Erdoğan şunları söyledi:
Çünkü orası yüzde 95 itibariyle Araplarındır. Dolayısıyla PYD ve YPG doğuya gidecek, Münbiç’i boşaltacak. Dün itibarıyla Amerikalı dostlar, dediler ki ‘tamam siz de bize yardımcı olun.’ Biz baştan beri söylüyoruz. Yeter ki siz bizim bu tekliflerimize ‘evet’ deyin. Çünkü bu işi biz biliriz, bu bölgede. Sizler buraya yabancısınız, sizler bilmezsiniz.
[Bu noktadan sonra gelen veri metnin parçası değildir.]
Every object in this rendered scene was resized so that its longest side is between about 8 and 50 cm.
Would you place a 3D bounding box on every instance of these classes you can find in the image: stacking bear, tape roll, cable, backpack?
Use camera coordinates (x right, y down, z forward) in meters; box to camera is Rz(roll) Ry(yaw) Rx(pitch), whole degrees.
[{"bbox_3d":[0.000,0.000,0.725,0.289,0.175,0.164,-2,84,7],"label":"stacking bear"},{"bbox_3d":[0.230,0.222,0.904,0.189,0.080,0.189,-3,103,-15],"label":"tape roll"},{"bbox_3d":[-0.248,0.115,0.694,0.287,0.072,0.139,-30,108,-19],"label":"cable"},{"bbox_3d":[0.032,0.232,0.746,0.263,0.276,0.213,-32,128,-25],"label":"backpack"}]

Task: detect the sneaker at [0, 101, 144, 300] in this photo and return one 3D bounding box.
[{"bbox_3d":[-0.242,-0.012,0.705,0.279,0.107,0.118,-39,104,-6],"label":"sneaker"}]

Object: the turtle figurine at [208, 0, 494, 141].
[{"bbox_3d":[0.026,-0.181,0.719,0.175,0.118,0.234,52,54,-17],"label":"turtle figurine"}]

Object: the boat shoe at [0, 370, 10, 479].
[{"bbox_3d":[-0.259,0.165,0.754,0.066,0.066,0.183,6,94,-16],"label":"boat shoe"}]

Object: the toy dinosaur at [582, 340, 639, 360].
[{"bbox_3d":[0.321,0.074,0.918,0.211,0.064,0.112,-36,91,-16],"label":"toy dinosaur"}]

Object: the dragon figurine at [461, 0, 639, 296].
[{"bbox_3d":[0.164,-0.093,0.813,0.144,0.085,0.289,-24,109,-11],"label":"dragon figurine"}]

Buranın tarihini de her şeyini de biz iyi biliriz. Şu anda burada da mutabıkız. ‘Rakka’da ne yapacağız’ dediler. Gelin beraber, eğer burada da bir operasyon yapacağız diyorsanız, ki Rakka DEAŞ’ın merkezidir, biz Rakka’da da sizlerle beraber bu operasyonu yaparız. Gerekirse oradan da bu DEAŞ boşaltılıp gider. Şimdi bunun da görüşmeleri yapılıyor. Biz dürüst hareket ediyoruz, samimi hareket ediyoruz. Bizim ne Suriye’nin ne Irak’ın topraklarında gözümüz yok. Bize 780 bin kilometrekarelik bu vatan topraklarımız evvelallah yeter. Yeter ki kimsenin bizim vatan topraklarımızda gözü olmasın. Şunu da söyleyeyim bu arada, Irak’ta biz şu anda yürütülmekte olan bu mezhep çatışmalarına kesinlikle taraf olmak istemiyoruz ama oradaki Sünni Arap kardeşlerimizi, Türkmen kardeşlerimizi de birilerine yedirtmek istemiyoruz.